Another key date was 19 July, when Johnson took England out of Covid restrictions amid fierce criticism from opposition parties. That decision was in general vindicated by subsequent events but just before it came a hint that hubris had taken hold in Downing Street. The PM briefly decided to exempt himself and Rishi Sunak from the requirement to isolate after the pair fell foul of the “pingdemic” that was wreaking so much havoc. A media outcry forced a U-turn, but the lack of wise counsel in the prime ministerial tent was noted.

Johnson’s party conference speech on 6 October came amid a panic about supply chain problems, but again the impact on his poll ratings was minimal. A strong speech focused on levelling-up, and immigration control went down well with the new Tory electoral coalition.

Over the next two months everything fell apart as a series of provocations to that base saw much of it losing faith. On 27 October, Sunak delivered a Budget that broke two key manifesto promises by suspending the pensions triple lock and putting up national insurance.
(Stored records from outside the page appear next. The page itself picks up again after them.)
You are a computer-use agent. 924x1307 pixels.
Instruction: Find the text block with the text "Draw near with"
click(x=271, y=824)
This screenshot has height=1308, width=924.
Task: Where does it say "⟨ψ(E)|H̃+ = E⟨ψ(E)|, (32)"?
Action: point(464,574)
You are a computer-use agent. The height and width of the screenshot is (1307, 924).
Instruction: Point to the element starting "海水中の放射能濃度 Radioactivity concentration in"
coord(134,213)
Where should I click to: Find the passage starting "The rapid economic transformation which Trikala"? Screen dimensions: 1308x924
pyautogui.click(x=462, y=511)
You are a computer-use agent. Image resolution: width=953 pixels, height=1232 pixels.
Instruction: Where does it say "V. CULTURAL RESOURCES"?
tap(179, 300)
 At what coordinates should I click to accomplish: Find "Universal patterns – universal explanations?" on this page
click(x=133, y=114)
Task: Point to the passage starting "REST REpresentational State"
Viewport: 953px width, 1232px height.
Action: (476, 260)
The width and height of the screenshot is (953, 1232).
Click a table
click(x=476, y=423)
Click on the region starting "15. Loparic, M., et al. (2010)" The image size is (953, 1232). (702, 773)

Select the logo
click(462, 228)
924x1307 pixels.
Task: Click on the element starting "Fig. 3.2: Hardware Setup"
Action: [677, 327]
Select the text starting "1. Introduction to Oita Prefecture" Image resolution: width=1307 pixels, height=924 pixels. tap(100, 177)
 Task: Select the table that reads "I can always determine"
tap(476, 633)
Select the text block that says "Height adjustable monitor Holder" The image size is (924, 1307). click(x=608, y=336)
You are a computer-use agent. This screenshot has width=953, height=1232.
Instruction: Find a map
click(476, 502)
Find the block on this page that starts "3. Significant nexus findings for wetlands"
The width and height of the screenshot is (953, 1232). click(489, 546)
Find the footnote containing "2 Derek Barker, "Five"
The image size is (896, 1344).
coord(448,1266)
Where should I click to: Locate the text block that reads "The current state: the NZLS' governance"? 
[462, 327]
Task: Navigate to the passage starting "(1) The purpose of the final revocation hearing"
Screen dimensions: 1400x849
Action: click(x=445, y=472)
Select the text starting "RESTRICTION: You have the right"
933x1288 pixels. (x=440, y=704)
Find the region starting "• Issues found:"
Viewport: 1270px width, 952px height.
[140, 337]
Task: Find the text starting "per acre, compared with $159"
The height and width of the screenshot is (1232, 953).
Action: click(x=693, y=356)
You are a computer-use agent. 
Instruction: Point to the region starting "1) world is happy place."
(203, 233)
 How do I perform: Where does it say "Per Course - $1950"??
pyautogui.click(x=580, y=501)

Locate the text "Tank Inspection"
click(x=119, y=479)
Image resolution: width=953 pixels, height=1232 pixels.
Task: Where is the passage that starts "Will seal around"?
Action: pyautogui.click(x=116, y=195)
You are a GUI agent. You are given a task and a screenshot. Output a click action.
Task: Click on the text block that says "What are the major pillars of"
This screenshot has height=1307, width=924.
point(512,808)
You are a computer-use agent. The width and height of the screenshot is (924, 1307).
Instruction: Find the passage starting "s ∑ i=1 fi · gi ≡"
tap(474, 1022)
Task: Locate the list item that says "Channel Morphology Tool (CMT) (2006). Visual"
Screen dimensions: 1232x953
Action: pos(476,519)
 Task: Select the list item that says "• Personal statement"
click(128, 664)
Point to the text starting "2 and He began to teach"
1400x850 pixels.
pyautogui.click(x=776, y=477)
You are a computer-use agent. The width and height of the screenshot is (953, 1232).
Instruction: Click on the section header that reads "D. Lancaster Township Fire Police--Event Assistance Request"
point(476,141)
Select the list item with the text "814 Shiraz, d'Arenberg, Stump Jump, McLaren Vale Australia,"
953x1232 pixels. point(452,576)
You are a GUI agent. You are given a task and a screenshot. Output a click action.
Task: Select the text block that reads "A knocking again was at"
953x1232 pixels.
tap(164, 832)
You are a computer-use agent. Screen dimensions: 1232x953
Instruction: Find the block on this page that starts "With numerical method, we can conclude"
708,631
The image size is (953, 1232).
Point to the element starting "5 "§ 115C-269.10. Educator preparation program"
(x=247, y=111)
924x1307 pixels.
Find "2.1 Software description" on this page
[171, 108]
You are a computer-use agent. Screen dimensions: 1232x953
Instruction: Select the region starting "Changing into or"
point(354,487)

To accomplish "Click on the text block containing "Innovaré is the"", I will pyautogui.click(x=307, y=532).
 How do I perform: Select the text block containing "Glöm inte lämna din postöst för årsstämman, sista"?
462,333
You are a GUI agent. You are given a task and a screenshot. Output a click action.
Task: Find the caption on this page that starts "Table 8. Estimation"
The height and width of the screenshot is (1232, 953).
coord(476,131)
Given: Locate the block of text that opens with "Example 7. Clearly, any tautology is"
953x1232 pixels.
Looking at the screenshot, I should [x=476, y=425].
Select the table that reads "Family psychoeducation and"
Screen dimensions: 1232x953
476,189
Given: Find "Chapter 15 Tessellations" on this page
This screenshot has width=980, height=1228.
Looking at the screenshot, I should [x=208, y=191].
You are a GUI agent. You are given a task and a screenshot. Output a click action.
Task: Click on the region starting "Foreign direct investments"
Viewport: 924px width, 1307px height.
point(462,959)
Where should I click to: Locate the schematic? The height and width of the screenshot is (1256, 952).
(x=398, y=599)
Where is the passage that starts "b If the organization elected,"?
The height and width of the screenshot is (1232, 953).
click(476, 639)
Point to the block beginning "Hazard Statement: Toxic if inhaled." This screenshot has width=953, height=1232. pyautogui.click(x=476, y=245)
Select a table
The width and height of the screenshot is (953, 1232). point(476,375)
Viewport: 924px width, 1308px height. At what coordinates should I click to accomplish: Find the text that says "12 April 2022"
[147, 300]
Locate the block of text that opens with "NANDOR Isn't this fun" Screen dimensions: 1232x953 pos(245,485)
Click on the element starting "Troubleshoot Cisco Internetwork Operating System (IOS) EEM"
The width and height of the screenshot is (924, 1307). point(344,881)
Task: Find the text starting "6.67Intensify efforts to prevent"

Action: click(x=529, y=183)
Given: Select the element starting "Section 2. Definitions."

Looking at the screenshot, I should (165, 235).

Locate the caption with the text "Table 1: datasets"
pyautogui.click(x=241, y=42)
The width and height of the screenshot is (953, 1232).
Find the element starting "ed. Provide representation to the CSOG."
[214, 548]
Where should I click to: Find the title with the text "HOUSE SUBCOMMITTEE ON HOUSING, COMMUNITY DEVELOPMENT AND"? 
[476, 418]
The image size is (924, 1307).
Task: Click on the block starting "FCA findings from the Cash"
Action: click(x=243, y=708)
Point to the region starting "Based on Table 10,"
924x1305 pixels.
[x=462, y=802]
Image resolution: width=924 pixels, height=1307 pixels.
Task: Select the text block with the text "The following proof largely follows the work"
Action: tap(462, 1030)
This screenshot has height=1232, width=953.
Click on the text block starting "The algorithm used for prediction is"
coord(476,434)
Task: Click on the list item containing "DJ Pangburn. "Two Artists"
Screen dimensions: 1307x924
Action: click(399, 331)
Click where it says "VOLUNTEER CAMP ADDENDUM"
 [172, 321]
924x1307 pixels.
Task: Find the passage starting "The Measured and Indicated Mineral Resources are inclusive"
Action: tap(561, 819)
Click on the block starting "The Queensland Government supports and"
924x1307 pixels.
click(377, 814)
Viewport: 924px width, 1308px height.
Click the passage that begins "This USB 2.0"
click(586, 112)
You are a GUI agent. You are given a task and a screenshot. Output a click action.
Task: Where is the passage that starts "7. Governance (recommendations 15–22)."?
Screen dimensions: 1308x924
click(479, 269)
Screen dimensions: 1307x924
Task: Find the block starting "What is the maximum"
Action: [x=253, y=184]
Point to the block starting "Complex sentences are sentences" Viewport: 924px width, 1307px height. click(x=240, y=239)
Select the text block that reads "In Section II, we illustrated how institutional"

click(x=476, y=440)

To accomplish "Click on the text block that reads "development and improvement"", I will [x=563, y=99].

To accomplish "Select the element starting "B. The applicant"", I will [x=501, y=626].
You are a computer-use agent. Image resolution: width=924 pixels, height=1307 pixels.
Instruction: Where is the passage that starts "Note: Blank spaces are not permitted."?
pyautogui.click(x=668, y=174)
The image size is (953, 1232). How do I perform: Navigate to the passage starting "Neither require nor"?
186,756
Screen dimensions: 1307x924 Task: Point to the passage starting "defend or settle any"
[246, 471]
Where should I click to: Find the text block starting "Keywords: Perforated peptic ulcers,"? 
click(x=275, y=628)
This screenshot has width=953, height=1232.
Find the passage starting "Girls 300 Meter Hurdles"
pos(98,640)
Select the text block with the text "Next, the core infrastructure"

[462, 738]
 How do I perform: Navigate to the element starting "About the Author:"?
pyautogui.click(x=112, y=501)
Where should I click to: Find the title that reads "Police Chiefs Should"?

From 31 October to 12 November Johnson was messianic for carbon net zero as he hosted the COP26 conference on climate change. Early in that summit came his single biggest mistake of the year when he announced on 3 November that he was, in effect, going to use his majority to rip up parliamentary standards procedures and get his friend Owen Paterson off a damning sleaze verdict. As Johnson himself went on to admit: “On a clear road, I crashed the car into a ditch.”

11 November set a new record for Channel migrant crossings — 1,185 on a single late-autumn day. Johnson failed to make the issue a priority, claiming when pressed that it was very hard for the UK to control the numbers arriving without the active cooperation of France. The referendum promise of taking back control of UK borders had seldom seemed such a distant prospect.

The booster programme is likely to boost this king of boosterism

On 1 December, Starmer first asked him about allegations that a Downing Street party had taken place the previous December. Johnson denied it. On 7 December came the leak of Allegra Stratton joking about such an event on video, cementing in the public mind the notion of a prime minister who would turn a blind eye to the excesses of his own circle while demanding higher standards of behaviour from the public at large.

Now Johnson is beset by reverses. Around 100 Tory MPs rebelled against “Plan B” Covid control measures on 14 December. The Lib Dems won the unnecessary North Shropshire by-election on 16 December. Lord Frost resigned on 18 December.

In such a context, the return of Covid as the single dominant story is, in political terms, an opportunity for the PM. In the short-term, the booster programme is likely to boost this king of boosterism and Labour’s poll lead will probably narrow.

The key question that 2022 holds for him is whether to pursue vigorously the brand of Conservatism favoured by his wife — including prioritising net zero and following the advice of Stonewall on social issues — or the brand favoured by his base, featuring immigration control, tougher law and order, levelling-up and playing hardball with the EU.

Above all there is this: If 2022 sees that daily record for Channel crossings broken again in the absence of radical measures to stem the flow, then the base is going to walk away.